Loading movie names...

Dataset is self-joined...

Duplicates are filtered...

Movie data is anonymized, no userid...


In [5]:

# Extract similarities for the movie we care about that are "good".
scoreThreshold = 0.38
coOccurenceThreshold = 50

movieID = 483 # Casablanca

# Filter for movies with this sim that are "good" as defined by
# our quality thresholds above (filtering all at the same time)
filteredResults = moviePairSimilarities.filter(lambda pairSim: \
    (pairSim[0][0] == movieID or pairSim[0][1] == movieID) \
    and pairSim[1][0] > scoreThreshold and pairSim[1][1] > coOccurenceThreshold)

# Sort by quality score.
results = filteredResults.map(lambda pairSim: (pairSim[1], pairSim[0])).sortByKey(ascending = False).take(10)

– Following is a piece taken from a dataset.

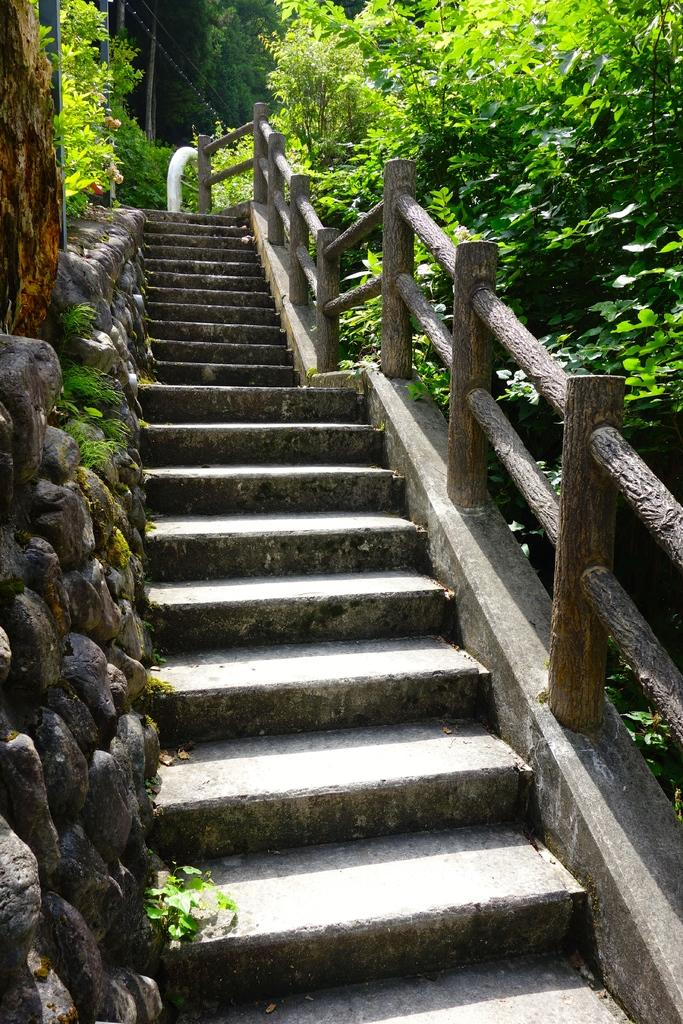What is the main architectural feature in the center of the image? There are stairs in the center of the image. What can be seen on the right side of the image? There is a railing and plants on the right side of the image. What is on the left side of the image? There is a wall and plants on the left side of the image. What type of skirt is being worn by the company in the image? There is no company or skirt present in the image; it features stairs, railing, plants, and a wall. How many times does the image twist around itself? The image does not twist around itself; it is a static representation of the architectural elements mentioned.

print("Top 10 similar movies for " + nameDict[movieID])
for result in results:
    (sim, pair) = result
    # Display the similarity result that isn't the movie we're looking at
    similarMovieID = pair[0]
    if (similarMovieID == movieID):
        similarMovieID = pair[1]
    print(nameDict[similarMovieID] + "\tscore: " + str(sim[0]) + "\tstrength: " + str(sim[1]))

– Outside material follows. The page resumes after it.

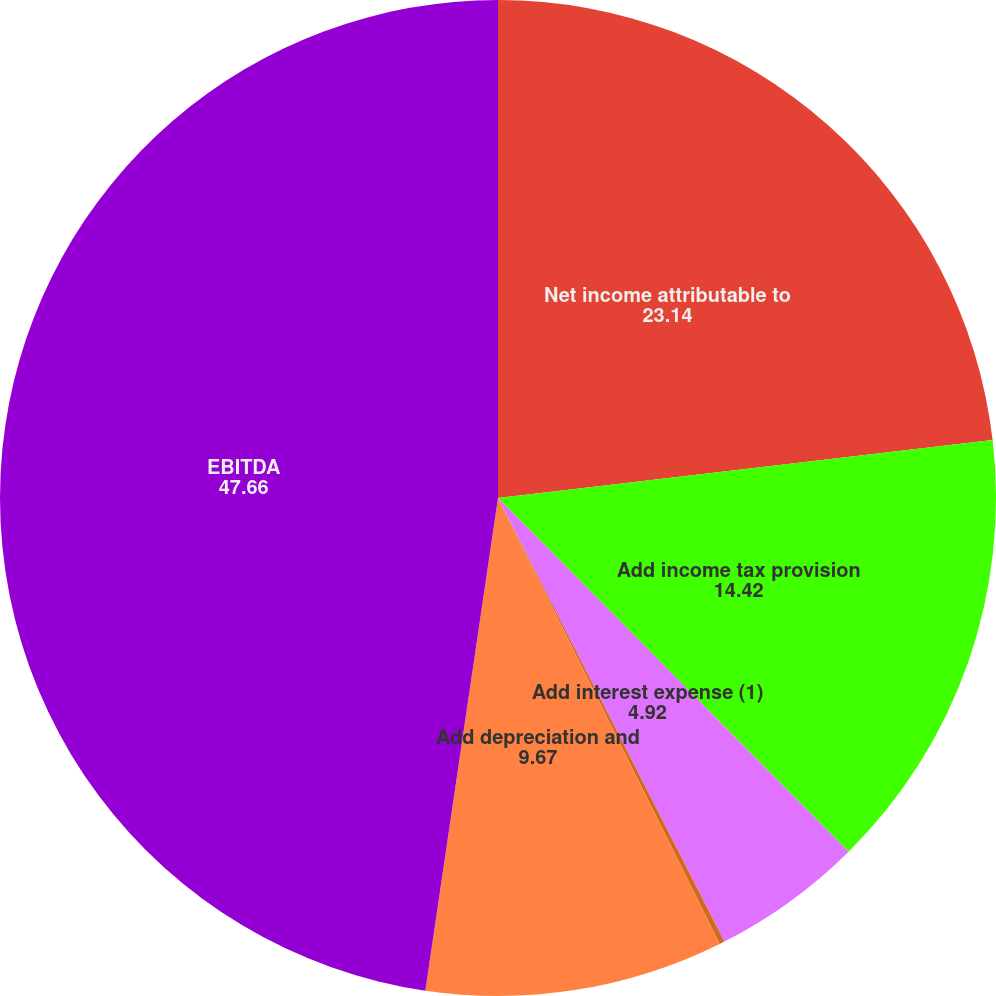Convert chart. <chart><loc_0><loc_0><loc_500><loc_500><pie_chart><fcel>Net income attributable to<fcel>Add income tax provision<fcel>Add interest expense (1)<fcel>Subtract interest income<fcel>Add depreciation and<fcel>EBITDA<nl><fcel>23.14%<fcel>14.42%<fcel>4.92%<fcel>0.17%<fcel>9.67%<fcel>47.66%<nl></chart>

Top 10 similar movies for Casablanca (1942)
Third Man, The (1949)	score: 0.6036773350335661	strength: 52
Maltese Falcon, The (1941)	score: 0.5029606006150984	strength: 111
Shine (1996)	score: 0.4770054774358142	strength: 68
Bob Roberts (1992)	score: 0.473589560952675	strength: 57
It Happened One Night (1934)	score: 0.4577801353022157	strength: 60
African Queen, The (1951)	score: 0.4469809047597789	strength: 113
My Left Foot (1989)	score: 0.42873131674438764	strength: 67
Chinatown (1974)	score: 0.4236842501725612	strength: 105
Roman Holiday (1953)	score: 0.4121908459625984	strength: 51
Manchurian Candidate, The (1962)	score: 0.41196637795707625	strength: 90


Based the cosine score, here is the results:

Top 10 similar movies for Casablanca (1942)
- Third Man, The (1949)	score: 0.9914873737018578	strength: 52
- Maltese Falcon, The (1941)	score: 0.9884013076509861	strength: 111
- African Queen, The (1951)	score: 0.9865259305014779	strength: 113
- Manchurian Candidate, The (1962)	score: 0.984613301863293	strength: 90
- It Happened One Night (1934)	score: 0.9845081807112164	strength: 60
- Vertigo (1958)	score: 0.9832931334707176	strength: 127
- Citizen Kane (1941)	score: 0.9830936340463006	strength: 143
- Silence of the Lambs, The (1991)	score: 0.9829257762211996	strength: 185
- Treasure of the Sierra Madre, The (1948)	score: 0.9828749443758958	strength: 61
- Dial M for Murder (1954)	score: 0.9828585785349522	strength: 59

Personally, I find the results from the pearson correlation is more related.